HAI: How are minor metals traded if they're not traded on an exchange?

Swindon: Some of the minor metals are traded on long-term contracts between producers and directly with the consumers. And perhaps that is the majority of the business: on six- or twelve-month long-term contracts.

The rest of the business is contracted on a spot basis or on a short-term basis: two sides enter into negotiations with one another and frequently, with our increasing numbers, all the specifications of our minor metals contracts are usually adhered to and everything is referred to.

We have very strict specifications for all the different impurities, sizing and packing, warehousing and transportation for all the metals and, more recently, even the rare earths that the MMTA has started to move into (as well as ferro-alloys). Because we are very strict and tight in those areas, people are already seeing us as the standard bearer as to what makes up a minor metals contract.

HAI: What are the most well-known, and least well-known, minor metals?

Swindon: The large ones - of the minor metals produced and traded in large quantities - would be magnesium, manganese and silicon. And I suppose I have to mention the ferro-chrome and the ferro-vanadium and the ferro-moly [molybdenum]. Those three are vital for so many parts of the steel business.

HAI: And the least well-known?

Swindon: Maybe niobium, gallium and rhenium.

HAI: Are some of these metals strategic because of where they come from, in addition to what they are used for and, often, the very small amounts of them that are actually produced?

Swindon: Certainly! The geographic location, or very few geographic locations where these metals come from, make their supply very risky. If we're relying on exotic geographic locations with shaky political regimes and the ability for governments or the major producer in these places to withhold a supply of these metals for various political or economic reasons, and the West, in particular, desperately needs these metals for some of the final component parts of high-specification engines, or whatever it is, we are somewhat beholden to them.

So, in some cases, the prices will shoot up and that might redress the balance and some slightly greater flow of this metal might come into the West, but they are strategic for exactly the reasons you've mentioned.

HAI: Why do you think they're termed minor metals, when, in fact, so many of them are strategic?

Swindon: I totally agree with you that the term "minor" is detrimental and it doesn't give true respect to the fact that so many of these metals are strategic in so many ways.
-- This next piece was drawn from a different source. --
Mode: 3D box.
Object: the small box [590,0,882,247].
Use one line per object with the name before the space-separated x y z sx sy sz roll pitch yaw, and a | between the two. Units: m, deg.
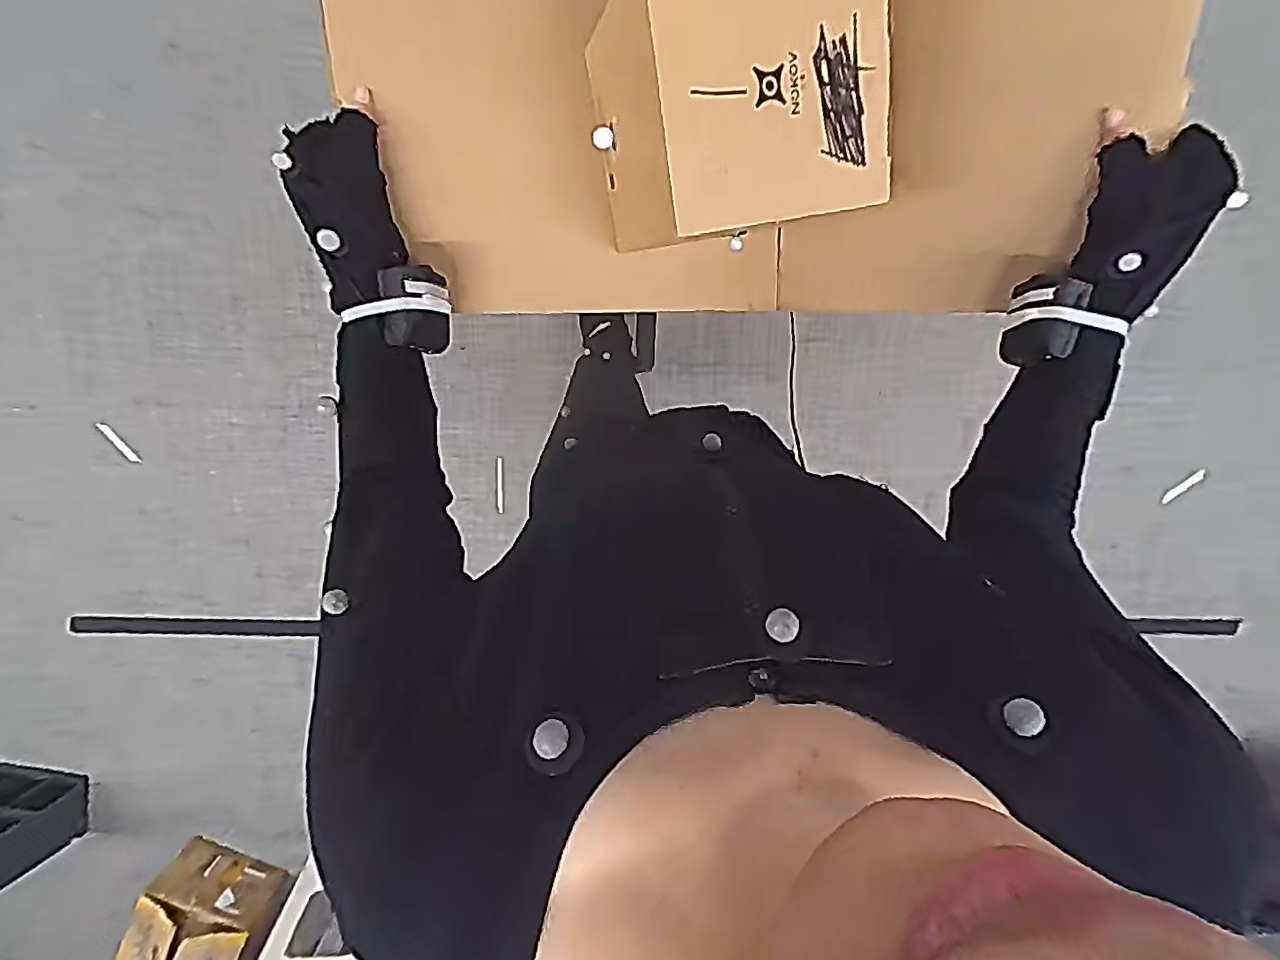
small box | 0.070 -0.296 0.445 0.179 0.176 0.168 -15 112 -12
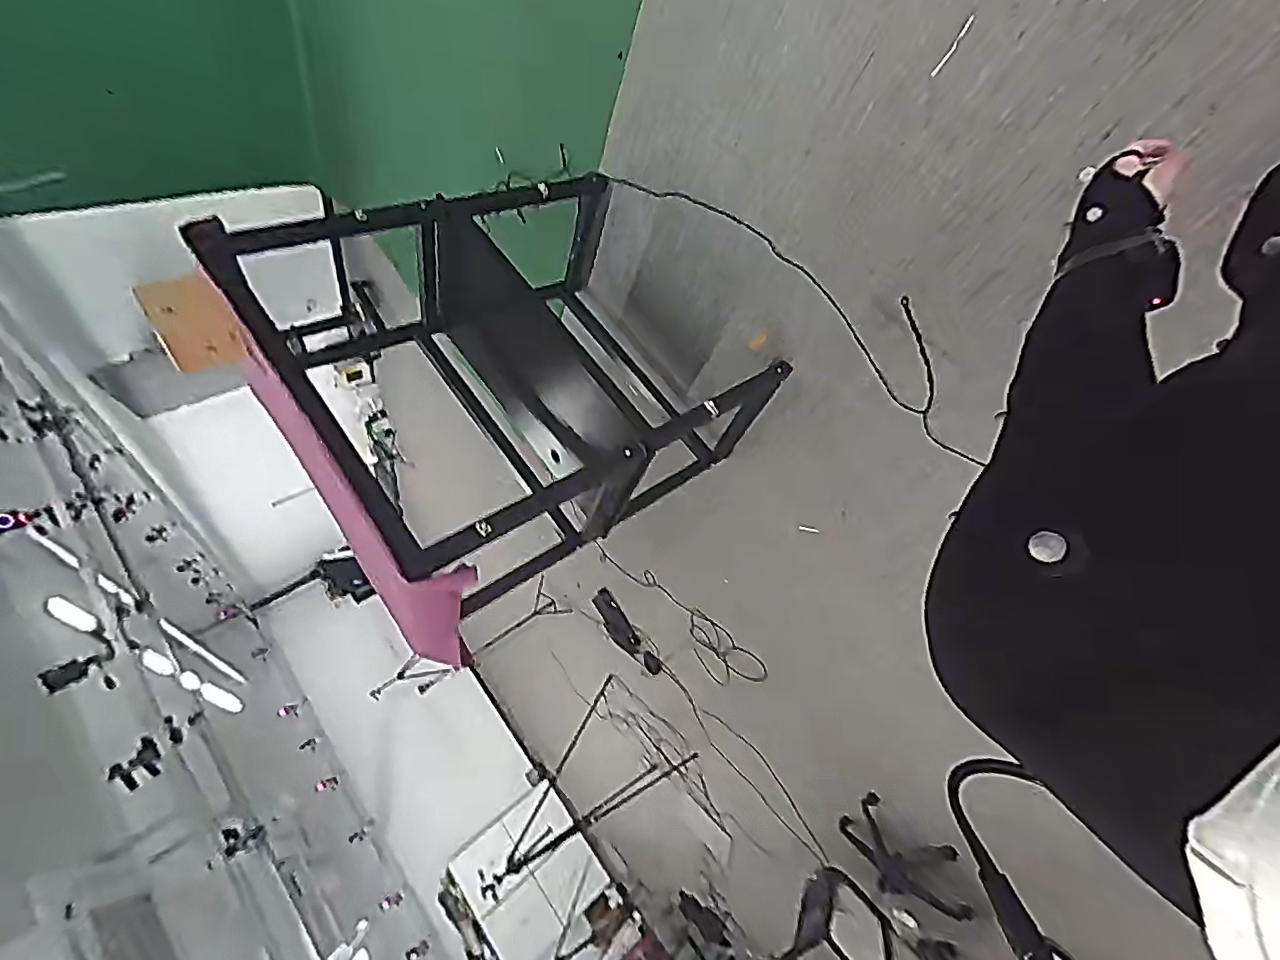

It's a misnomer from the past and it may well be that the importance of these metals, and the greater demands, and even the higher prices we have, make this term "minor" look more and more ridiculous...

HAI: Has there been asset inflation in minor metals?

Swindon: There has been large asset inflation in virtually all of the minor metals for the last two-to-three years.

This has gone along with the fact that many other commodities - including the nonferrous metals traded on the LME - and the gold price, and oil prices, have all shot up so much.